I reached out for help from my mom friends in the crisis moments, begging them to tell me that what I was experiencing was normal.
I let other people hold my baby while I showered, ate, and took care of my hurting body.
I told myself that whatever hard thing was happening would be over in a few days.
I reminded myself that these newborn days would be over in a blink, and I’d want them back.
I let my baby be a baby, I let myself be a mess, and I gave us both grace as we learned how to become mother and daughter.
Recognizing that the transition from womb to world was probably more traumatic for Selah than it was for me allowed me to treat us both with the gentleness we so desperately needed in our first weeks together.
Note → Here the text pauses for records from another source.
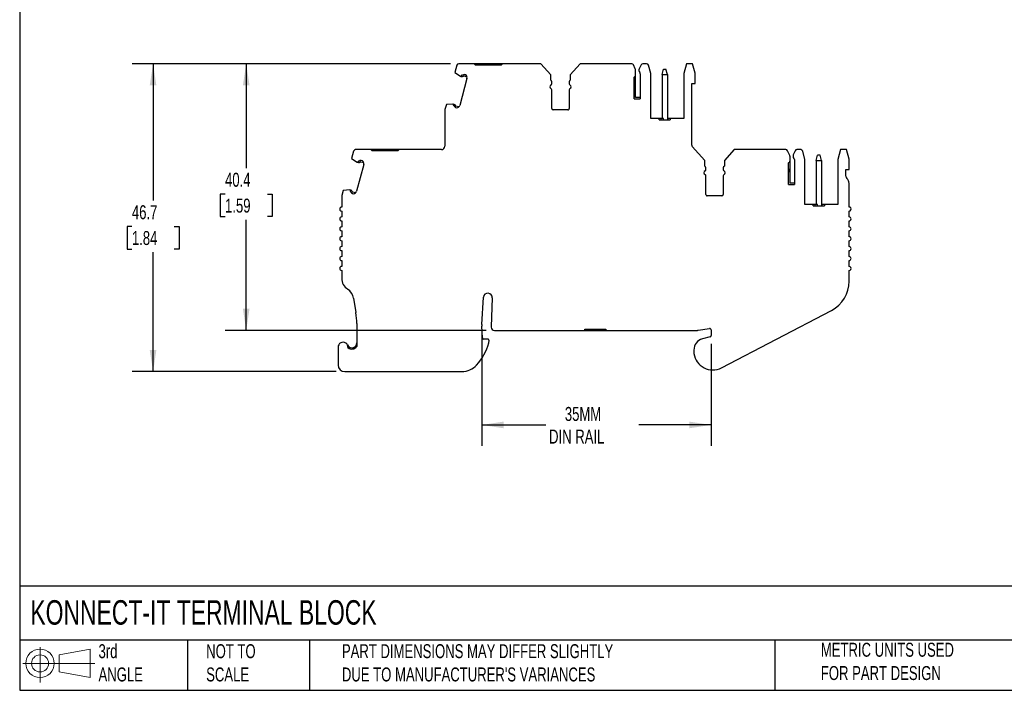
# Model space of a CAD drawing. Header units: millimetres. Extents: x 6 to 273, y 6 to 210.
# Tile 1 of 5: x 6 to 155, y 6 to 108. Entities that reach past the tile are written whole.
import ezdxf

# ---------------------------------------------------------------- set-up
doc = ezdxf.new("R2010")
doc.units = ezdxf.units.MM
doc.linetypes.add('SLD-Solid', pattern=[0])
doc.layers.add('DIMENSIONS', color=140, linetype='SLD-Solid', lineweight=25)
doc.layers.add('TEXT', color=140, linetype='SLD-Solid', lineweight=25)
doc.layers.add('SLD-DEFPOINTS', color=7, linetype='Continuous')
doc.styles.add('SLDTEXTSTYLE0', font='TXT', dxfattribs={"width": 0.7})
doc.dimstyles.new('SLDDIMSTYLE0', dxfattribs={"dimtxt": 2.158008, "dimasz": 3.302, "dimexe": 0, "dimexo": 0.0625, "dimgap": 0.539502, "dimtad": 0, "dimtih": 1, "dimtoh": 1, "dimrnd": 1e-09, "dimzin": 12, "dimdsep": 46, "dimtxsty": 'SLDTEXTSTYLE0', "dimsah": 1, "dimcen": 0.09, "dimadec": 0, "dimazin": 3, "dimtfac": 1, "dimtofl": 0, "dimtmove": 0, "dimatfit": 3, "dimfxl": 0, "dimfrac": 2, "dimtolj": 1, "dimtzin": 12, "dimarcsym": 0})

# ---------------------------------------------------------------- blocks, each defined once
blk = doc.blocks.new('Block11')
at = {"color": 7, "linetype": 'SLD-Solid', "lineweight": 18}
for p, q in [((2.59, 5.31), (2.59, 0)), ((5.48, 4.17), (10.18, 5.03)), ((10.18, 5.03), (10.18, 0.73)), ((5.48, 1.6), (5.48, 4.17)), ((0, 2.88), (10.87, 2.88)), ((5.48, 1.6), (10.18, 0.73))]:
    blk.add_line(p, q, dxfattribs=at)
for radius in [2.15, 1.29]:
    blk.add_circle((2.59, 2.88), radius, dxfattribs=at)
blk = doc.blocks.new('Block12')
at = {"layer": 'SLD-DEFPOINTS'}
blk.add_blockref('Block11', (0, 0), dxfattribs=at)
blk = doc.blocks.new('_D')
at = {"layer": 'DIMENSIONS'}
for p, q in [((71.54, 101.28), (37.46, 101.28)), ((40.63, 101.28), (40.63, 85.46)), ((37.43, 81.54), (36.7, 81.54)), ((36.7, 81.54), (36.7, 78.12)), ((43.84, 81.54), (44.56, 81.54)), ((44.56, 81.54), (44.56, 78.12)), ((36.7, 78.12), (37.43, 78.12)), ((40.63, 60.88), (40.63, 77.63)), ((44.56, 78.12), (43.84, 78.12)), ((76.94, 60.88), (37.46, 60.88))]:
    blk.add_line(p, q, dxfattribs=at)
for points in [[(40.63, 101.28), (40.13, 97.98), (41.14, 97.98)], [(40.63, 60.88), (41.14, 64.18), (40.13, 64.18)]]:
    blk.add_solid(points, dxfattribs=at)
at = {"layer": 'DIMENSIONS', "char_height": 2.117, "attachment_point": 1, "style": 'SLDTEXTSTYLE0'}
for s, insert in [('40.4', (37.43, 84.76)), ('1.59', (37.43, 80.84))]:
    blk.add_mtext(s, dxfattribs=dict(at, insert=insert))
blk = doc.blocks.new('_D_1')
at = {"layer": 'DIMENSIONS'}
for p, q in [((71.54, 101.28), (23.36, 101.28)), ((26.54, 101.28), (26.54, 80.54)), ((23.33, 76.63), (22.61, 76.63)), ((22.61, 76.63), (22.61, 73.2)), ((29.74, 76.63), (30.47, 76.63)), ((30.47, 76.63), (30.47, 73.2)), ((22.61, 73.2), (23.33, 73.2)), ((30.47, 73.2), (29.74, 73.2)), ((26.54, 54.63), (26.54, 72.72)), ((54.27, 54.63), (23.36, 54.63))]:
    blk.add_line(p, q, dxfattribs=at)
for points in [[(26.54, 101.28), (26.03, 97.98), (27.04, 97.98)], [(26.54, 54.63), (27.04, 57.93), (26.03, 57.93)]]:
    blk.add_solid(points, dxfattribs=at)
at = {"layer": 'DIMENSIONS', "char_height": 2.117, "attachment_point": 1, "style": 'SLDTEXTSTYLE0'}
for s, insert in [('46.7', (23.33, 79.84)), ('1.84', (23.33, 75.93))]:
    blk.add_mtext(s, dxfattribs=dict(at, insert=insert))
blk = doc.blocks.new('_D_2')
at = {"layer": 'DIMENSIONS'}
for p, q in [((76.28, 60.27), (76.28, 43.38)), ((110.99, 58.82), (110.99, 43.38)), ((76.28, 46.55), (85.99, 46.55)), ((110.99, 46.55), (100.08, 46.55))]:
    blk.add_line(p, q, dxfattribs=at)
for points in [[(76.28, 46.55), (79.59, 46.05), (79.59, 47.06)], [(110.99, 46.55), (107.68, 47.06), (107.68, 46.05)]]:
    blk.add_solid(points, dxfattribs=at)
at = {"layer": 'DIMENSIONS', "char_height": 2.117, "attachment_point": 1, "style": 'SLDTEXTSTYLE0'}
for s, insert in [('35MM', (88.86, 49.28)), ('DIN RAIL', (86.47, 45.85))]:
    blk.add_mtext(s, dxfattribs=dict(at, insert=insert))

msp = doc.modelspace()

# ---------------------------------------------------------------- linework, layer by layer
for p, q in [((72.515, 101.057), (72.214, 99.931)), ((72.214, 99.931), (73.043, 99.372)), ((75.131, 101.279), (72.805, 101.279)), ((75.331, 101.079), (75.131, 101.279)), ((77.077, 101.279), (75.131, 101.279)), ((79.224, 101.079), (75.331, 101.079)), ((77.077, 101.279), (77.077, 101.079)), ((77.477, 101.279), (77.077, 101.279)), ((77.477, 101.279), (77.477, 101.079)), ((79.424, 101.279), (77.477, 101.279)), ((79.424, 101.279), (79.224, 101.079)), ((85.224, 101.279), (79.424, 101.279)), ((86.731, 99.613), (85.224, 101.279)), ((91.171, 101.279), (89.664, 99.613)), ((98.973, 101.279), (91.171, 101.279)), ((99.525, 100.505), (99.245, 101.106)), ((99.572, 99.546), (99.572, 100.294)), ((100.391, 101.106), (100.111, 100.505)), ((101.239, 101.279), (100.663, 101.279)), ((101.872, 99.779), (101.529, 101.057)), ((103.572, 99.629), (103.786, 100.429)), ((103.786, 100.429), (104.157, 100.429)), ((104.372, 99.629), (104.157, 100.429)), ((107.272, 101.279), (106.872, 99.786)), ((108.172, 101.279), (107.272, 101.279)), ((108.562, 99.824), (108.172, 101.279)), ((74.042, 99.027), (72.955, 94.971)), ((73.043, 99.372), (73.101, 99.357)), ((73.101, 99.357), (73.246, 99.318)), ((73.297, 99.511), (73.227, 99.53)), ((73.609, 99.428), (74.033, 99.314)), ((73.831, 99.576), (73.661, 99.621)), ((86.731, 98.779), (86.731, 99.613)), ((86.881, 98.238), (86.881, 98.52)), ((89.514, 98.52), (89.514, 98.238)), ((89.664, 99.613), (89.664, 98.779)), ((99.372, 95.979), (99.372, 99.264)), ((99.572, 96.179), (99.572, 99.546)), ((100.272, 99.756), (100.272, 95.979)), ((101.872, 92.979), (101.872, 99.779)), ((103.572, 99.629), (103.572, 92.979)), ((103.572, 99.629), (104.372, 99.629)), ((104.372, 99.629), (104.372, 92.779)), ((106.872, 99.786), (106.872, 92.979)), ((108.562, 98.279), (108.562, 99.824)), ((86.881, 94.479), (86.881, 97.321)), ((89.514, 97.321), (89.514, 94.479)), ((108.062, 98.279), (108.562, 98.279)), ((108.062, 88.922), (108.062, 98.279)), ((99.372, 95.979), (100.272, 95.979)), ((100.272, 96.179), (99.572, 96.179)), ((70.704, 94.25), (70.704, 88.764)), ((70.922, 95.102), (70.714, 94.328)), ((71.917, 95.171), (70.922, 95.102)), ((71.975, 95.156), (71.917, 95.171)), ((72.12, 95.117), (71.975, 95.156)), ((71.998, 94.943), (72.068, 94.924)), ((72.328, 94.647), (72.499, 94.601)), ((72.804, 94.726), (72.38, 94.84)), ((89.314, 94.279), (87.081, 94.279)), ((103.122, 92.979), (101.872, 92.979)), ((103.122, 92.779), (103.122, 92.979)), ((103.399, 92.979), (103.122, 92.979)), ((103.122, 92.779), (104.822, 92.779)), ((103.399, 92.979), (103.399, 92.779)), ((103.772, 92.979), (103.399, 92.979)), ((103.772, 92.779), (103.772, 92.979)), ((104.422, 92.979), (104.372, 92.979)), ((104.422, 92.979), (104.422, 92.779)), ((104.822, 92.979), (104.422, 92.979)), ((104.822, 92.979), (104.822, 92.779)), ((106.872, 92.979), (104.822, 92.979)), ((56.895, 88.042), (56.594, 86.916)), ((59.507, 88.264), (57.185, 88.264)), ((59.707, 88.064), (59.507, 88.264)), ((61.454, 88.264), (59.507, 88.264)), ((63.601, 88.064), (59.707, 88.064)), ((61.454, 88.264), (61.454, 88.064)), ((61.854, 88.264), (61.454, 88.264)), ((61.854, 88.264), (61.854, 88.064)), ((63.801, 88.264), (61.854, 88.264)), ((63.801, 88.264), (63.601, 88.064)), ((70.204, 88.264), (63.801, 88.264)), ((110.053, 86.604), (108.139, 88.721)), ((114.499, 88.264), (112.997, 86.604)), ((122.3, 88.264), (114.499, 88.264)), ((122.852, 87.491), (122.572, 88.091)), ((123.718, 88.091), (123.438, 87.491)), ((124.567, 88.264), (123.99, 88.264)), ((125.199, 86.764), (124.857, 88.042)), ((130.599, 88.264), (130.199, 86.772)), ((131.499, 88.264), (130.599, 88.264)), ((131.889, 86.809), (131.499, 88.264)), ((56.594, 86.916), (57.423, 86.357)), ((57.678, 86.496), (57.607, 86.515)), ((58.212, 86.561), (58.041, 86.606)), ((110.053, 85.764), (110.053, 86.604)), ((112.997, 86.604), (112.997, 85.764)), ((122.899, 87.279), (122.899, 86.532)), ((122.899, 86.532), (122.899, 83.164)), ((123.599, 86.742), (123.599, 82.964)), ((125.199, 79.964), (125.199, 86.764)), ((126.899, 86.614), (127.114, 87.414)), ((126.899, 86.614), (127.699, 86.614)), ((126.899, 86.614), (126.899, 79.964)), ((127.485, 87.414), (127.114, 87.414)), ((127.699, 86.614), (127.485, 87.414)), ((127.699, 86.614), (127.699, 79.764)), ((130.199, 86.772), (130.199, 79.964)), ((131.889, 85.264), (131.889, 86.809)), ((58.422, 86.012), (57.335, 81.956)), ((57.423, 86.357), (57.481, 86.342)), ((57.481, 86.342), (57.626, 86.303)), ((57.989, 86.413), (58.413, 86.3)), ((110.209, 85.223), (110.209, 85.501)), ((112.842, 85.501), (112.842, 85.223)), ((122.699, 82.964), (122.699, 86.249)), ((131.389, 85.264), (131.889, 85.264)), ((131.389, 84.264), (131.389, 85.264)), ((110.209, 81.464), (110.209, 84.306)), ((112.842, 84.306), (112.842, 81.464)), ((55.302, 82.087), (55.094, 81.313)), ((56.297, 82.157), (55.302, 82.087)), ((56.355, 82.141), (56.297, 82.157)), ((56.5, 82.102), (56.355, 82.141)), ((122.699, 82.964), (123.599, 82.964)), ((123.599, 83.164), (122.899, 83.164)), ((131.879, 79.564), (131.879, 83.155)), ((55.084, 81.236), (55.084, 79.564)), ((56.378, 81.928), (56.448, 81.909)), ((56.708, 81.632), (56.879, 81.586)), ((57.184, 81.711), (56.76, 81.825)), ((112.642, 81.264), (110.409, 81.264)), ((126.449, 79.964), (125.199, 79.964)), ((126.449, 79.764), (126.449, 79.964)), ((126.695, 79.964), (126.449, 79.964)), ((126.449, 79.764), (128.149, 79.764)), ((126.695, 79.964), (126.695, 79.764)), ((127.099, 79.964), (126.695, 79.964)), ((127.099, 79.764), (127.099, 79.964)), ((127.749, 79.964), (127.699, 79.964)), ((127.749, 79.964), (127.749, 79.764)), ((128.149, 79.964), (127.749, 79.964)), ((128.149, 79.964), (128.149, 79.764)), ((130.199, 79.964), (128.149, 79.964)), ((55.084, 78.964), (55.084, 78.064)), ((131.889, 78.064), (131.889, 78.964)), ((55.084, 77.464), (55.084, 76.564)), ((131.889, 76.564), (131.889, 77.464)), ((55.084, 75.964), (55.084, 75.064)), ((131.889, 75.064), (131.889, 75.964)), ((55.084, 74.464), (55.084, 73.564)), ((131.889, 73.564), (131.889, 74.464)), ((55.084, 72.964), (55.084, 72.064)), ((131.889, 72.064), (131.889, 72.964)), ((55.084, 71.464), (55.084, 70.564)), ((131.889, 70.564), (131.889, 71.464)), ((55.084, 69.964), (55.084, 68.785)), ((131.889, 68.34), (131.889, 69.964)), ((56.863, 65.773), (57.236, 63.566)), ((76.284, 61.785), (76.532, 65.895)), ((77.88, 65.791), (77.707, 61.411)), ((112.561, 55.216), (129.204, 63.908)), ((57.375, 61.902), (57.375, 58.421)), ((76.397, 59.746), (76.285, 61.539)), ((77.707, 61.411), (77.709, 61.36)), ((109.059, 60.902), (110.757, 61.156)), ((78.208, 60.88), (91.884, 60.88)), ((91.884, 61.08), (95.084, 61.08)), ((91.884, 60.88), (91.884, 61.08)), ((91.884, 60.88), (91.908, 60.88)), ((91.908, 61.08), (91.908, 60.88)), ((91.908, 60.88), (92.608, 60.88)), ((92.608, 60.88), (92.608, 61.08)), ((92.608, 60.88), (94.36, 60.88)), ((94.36, 60.88), (94.36, 61.08)), ((94.36, 60.88), (95.06, 60.88)), ((95.06, 60.88), (95.06, 61.08)), ((95.06, 60.88), (95.084, 60.88)), ((95.084, 61.08), (95.084, 60.88)), ((95.084, 60.88), (108.912, 60.88)), ((110.838, 59.901), (109.687, 59.593)), ((110.987, 60.959), (110.987, 60.094)), ((54.536, 58.329), (54.536, 55.629)), ((56.875, 58.088), (56.875, 58.297)), ((77.187, 59.559), (76.597, 59.559)), ((77.344, 58.971), (77.386, 59.336)), ((108.387, 57.898), (108.387, 57.598)), ((55.536, 54.629), (73.276, 54.629))]:
    msp.add_line(p, q)
for centre, radius, start, end in [((72.805, 100.979), 0.3, 90, 164.99992), ((98.973, 100.979), 0.3, 25, 90), ((99.072, 100.294), 0.5, 0, 25), ((100.564, 100.294), 0.5, 155, 222.23766), ((99.972, 99.756), 0.3, 0, 42.23766), ((100.663, 100.979), 0.3, 90, 155), ((101.239, 100.979), 0.3, 15, 90), ((73.559, 99.156), 0.5, 131.64203, 156.38075), ((73.313, 99.568), 0.259, 254.9997, 318.77007), ((73.313, 99.568), 0.0593, 254.9997, 318.77007), ((73.583, 99.331), 0.3, 75.00001, 138.77007), ((73.583, 99.331), 0.1, 75.00001, 138.77007), ((73.559, 99.156), 0.5, 344.99985, 56.97506), ((86.581, 98.52), 0.3, 0.00003, 59.99999), ((89.814, 98.52), 0.3, 119.99993, 179.99997), ((98.772, 98.079), 0.7, 328.99738, 31.00258), ((99.272, 99.546), 0.3, 344.63464, 0.00002), ((86.881, 97.779), 0.3, 113.57818, 246.4218), ((86.681, 98.238), 0.2, 293.57818, 359.99997), ((86.681, 97.321), 0.2, 0.00003, 66.42175), ((89.714, 98.238), 0.2, 180, 246.42188), ((89.714, 97.321), 0.2, 113.57818, 180), ((89.514, 97.779), 0.3, 293.57818, 66.42184), ((71.004, 94.25), 0.3, 164.99963, 180), ((72.472, 95.1), 0.5, 173.61921, 198.35774), ((72.053, 94.867), 0.0593, 11.2299, 74.9975), ((72.405, 94.937), 0.3, 191.2299, 254.99995), ((72.053, 94.867), 0.259, 11.2299, 74.99968), ((72.405, 94.937), 0.1, 191.2299, 254.99995), ((72.472, 95.1), 0.5, 273.02607, 345.00017), ((87.081, 94.479), 0.2, 179.99999, 269.99991), ((89.314, 94.479), 0.2, 269.99998, 0), ((57.185, 87.964), 0.3, 90, 164.99992), ((70.204, 88.764), 0.5, 270.00001, 0), ((108.362, 88.922), 0.3, 180, 222.11588), ((122.3, 87.964), 0.3, 25, 90), ((123.99, 87.964), 0.3, 90, 155), ((124.567, 87.964), 0.3, 15, 90), ((57.939, 86.141), 0.5, 131.64203, 156.38075), ((57.693, 86.553), 0.0593, 254.9997, 318.77007), ((57.963, 86.317), 0.3, 75.00001, 138.77007), ((57.939, 86.141), 0.5, 344.99985, 56.97506), ((122.399, 87.279), 0.5, 0, 25), ((122.599, 86.532), 0.3, 344.63464, 359.99999), ((123.892, 87.279), 0.5, 155, 222.23766), ((123.299, 86.742), 0.3, 0, 42.23766), ((57.693, 86.553), 0.259, 254.9997, 318.77007), ((57.963, 86.317), 0.1, 75.00001, 138.77007), ((110.209, 84.764), 0.3, 113.57816, 246.42181), ((109.909, 85.501), 0.3, 0.00003, 61.24544), ((110.009, 85.223), 0.2, 293.57812, 359.99995), ((113.142, 85.501), 0.3, 118.75454, 179.99997), ((113.042, 85.223), 0.2, 180, 246.42181), ((112.842, 84.764), 0.3, 293.57818, 66.42182), ((122.099, 85.064), 0.7, 328.99739, 31.00258), ((110.009, 84.306), 0.2, 0.00004, 66.42179), ((113.042, 84.306), 0.2, 113.57818, 179.99995), ((131.889, 84.264), 0.5, 180, 227.6752), ((130.879, 83.155), 1, 0, 47.6752), ((56.852, 82.085), 0.5, 173.61921, 198.35774), ((56.433, 81.852), 0.259, 11.2299, 74.99964), ((55.384, 81.236), 0.3, 164.99963, 180), ((56.433, 81.852), 0.0593, 11.2299, 74.9975), ((56.786, 81.922), 0.3, 191.2299, 254.99995), ((56.786, 81.922), 0.1, 191.2299, 254.99995), ((56.852, 82.085), 0.5, 273.02607, 345.00017), ((110.409, 81.464), 0.2, 179.99999, 270.00001), ((112.642, 81.464), 0.2, 270.00005, 0), ((55.084, 79.264), 0.3, 89.99985, 270), ((131.889, 79.264), 0.3, 270, 91.90995), ((55.084, 77.764), 0.3, 90, 270), ((131.889, 77.764), 0.3, 270, 89.99994), ((55.084, 76.264), 0.3, 89.99996, 270.00004), ((131.889, 76.264), 0.3, 270, 89.99994), ((55.084, 74.764), 0.3, 90, 270), ((131.889, 74.764), 0.3, 270, 89.99994), ((55.084, 73.264), 0.3, 90, 270), ((131.889, 73.264), 0.3, 270, 89.99994), ((55.084, 71.764), 0.3, 90, 270), ((131.889, 71.764), 0.3, 270, 89.99994), ((55.084, 70.264), 0.3, 90, 270), ((131.889, 70.264), 0.3, 269.9999, 89.99994), ((57.084, 68.785), 2, 180, 236.75665), ((54.891, 65.44), 2, 9.58256, 56.75664), ((126.889, 68.34), 5, 297.57651, 0), ((77.205, 65.835), 0.676, 356.2369, 174.90912), ((47.375, 61.902), 10, 359.99998, 9.58252), ((78.281, 61.665), 2, 176.54876, 183.60103), ((78.208, 61.38), 0.5, 182.25951, 269.99995), ((110.787, 60.959), 0.2, 0.00028, 98.52499), ((76.597, 59.759), 0.2, 183.60084, 270), ((108.838, 61.877), 1, 274.27427, 282.77563), ((110.787, 60.094), 0.2, 285.00019, 359.99993), ((55.286, 58.329), 0.75, 354.87424, 179.99996), ((56.625, 59.004), 0.75, 206.7832, 289.47123), ((56.625, 59.004), 0.95, 231.44702, 322.13633), ((69.245, 61.238), 8.411, 318.15672, 344.35997), ((77.187, 59.359), 0.2, 353.60093, 90.00011), ((110.141, 57.898), 1.754, 104.99999, 180), ((110.141, 57.598), 1.754, 180, 187.94871), ((111.237, 57.751), 2.86, 187.94871, 297.57651), ((55.536, 55.629), 1, 180.00001, 269.99992), ((73.276, 57.629), 3, 270.00001, 318.15671)]:
    msp.add_arc(centre, radius, start, end)
for points, knots in [([(99.372, 99.264), (99.401, 99.274), (99.426, 99.288), (99.506, 99.346), (99.543, 99.401), (99.561, 99.467)], [0, 0, 0, 0, 0.18936106, 0.18936106, 0.68936106, 0.68936106, 0.68936106, 0.68936106]), ([(122.699, 86.249), (122.729, 86.259), (122.754, 86.273), (122.834, 86.331), (122.87, 86.386), (122.889, 86.452)], [0, 0, 0, 0, 0.18936106, 0.18936106, 0.68936106, 0.68936106, 0.68936106, 0.68936106]), ([(56.875, 58.297), (56.961, 58.328), (57.038, 58.373), (57.166, 58.478), (57.218, 58.538), (57.338, 58.728), (57.375, 58.867), (57.375, 59.004)], [0, 0, 0, 0, 0.25, 0.25, 0.5, 0.5, 1, 1, 1, 1])]:
    msp.add_open_spline(points, degree=3, knots=knots)
at = {"layer": 'TEXT'}
for p, q in [((6.35, 209.55), (6.35, 6.35)), ((273.05, 22.126), (6.35, 22.126)), ((273.05, 13.97), (6.35, 13.97)), ((31.75, 13.97), (31.75, 6.35)), ((50.212, 13.97), (50.212, 6.35)), ((120.646, 13.97), (120.646, 6.35)), ((6.35, 6.35), (273.05, 6.35))]:
    msp.add_line(p, q, dxfattribs=at)

# ---------------------------------------------------------------- block references
at = {"layer": 'SLD-DEFPOINTS'}
msp.add_blockref('Block12', (6.838, 7.554), dxfattribs=at)

# ---------------------------------------------------------------- texts
at = {"layer": 'TEXT', "attachment_point": 1, "style": 'SLDTEXTSTYLE0'}
for s, insert, char_height in [('KONNECT-IT TERMINAL BLOCK', (7.966, 20.006), 3.70417), ('3rd^JANGLE', (18.282, 13.338), 2.1167), ('METRIC UNITS USED ^JFOR PART DESIGN', (127.604, 13.556), 2.11667), ('NOT TO^JSCALE', (34.575, 13.338), 2.11667), ("PART DIMENSIONS MAY DIFFER SLIGHTLY ^JDUE TO MANUFACTURER'S VARIANCES", (55.119, 13.341), 2.11667)]:
    msp.add_mtext(s, dxfattribs=dict(at, insert=insert, char_height=char_height))

# ---------------------------------------------------------------- dimensions: what is measured, and where the dimension line sits
at = {"layer": 'DIMENSIONS'}
for base, p2, angle, picture, middle in [((26.536, 54.629), (55.536, 54.629), 89.99979, '_D_1', (26.536, 76.63)), ((40.634, 60.88), (78.208, 60.88), 90, '_D', (40.634, 81.545))]:
    dim = msp.add_linear_dim(base=base, p1=(72.805, 101.279), p2=p2, angle=angle, dimstyle='SLDDIMSTYLE0', dxfattribs=at)
    dim.commit()
    dim.dimension.update_dxf_attribs({"geometry": picture, "text_midpoint": middle, "dimtype": 160})
dim = msp.add_linear_dim(base=(76.285, 46.554), p1=(110.987, 60.094), p2=(76.285, 61.539), text='35MM\\PDIN RAIL', dimstyle='SLDDIMSTYLE0', dxfattribs=at)
dim.commit()
dim.dimension.update_dxf_attribs({"geometry": '_D_2', "text_midpoint": (93.034, 46.554), "dimtype": 160})

doc.saveas('drawing.dxf')

I held her as often as I could, cradling her tiny body close to my skin. I wept with her when I needed to and allowed her to comfort herself with my body as often as she needed it.
And here I am ten weeks later, slowly becoming myself again. For almost a year, my daughter and I have been one person, sharing one body during pregnancy and even now as I breastfeed. It’s equal parts freeing and heartbreaking to watch her as she becomes independent and to feel myself craving some independence too.
But those newborn days will live in my memory as some of the sweetest, hardest, most emotional days of my life, and I will always think of them as the days when I became more fully myself by giving myself completely to another person.
The deepest relationships in life, our strongest bonds, are formed when we give ourselves completely away.
This doesn’t mean I’m not still myself. I need to explore my own desires, be my own person, and not lose myself in motherhood.
It simply means that I’m learning to love this new version of myself, one that comes with fewer expectations, less guilt, more joy, and more forgiveness. A new version of myself whose sharp edges and need for control are softening, whose stretch marks are slowly fading, whose heart is stretching and tearing and deepening its capacity for love.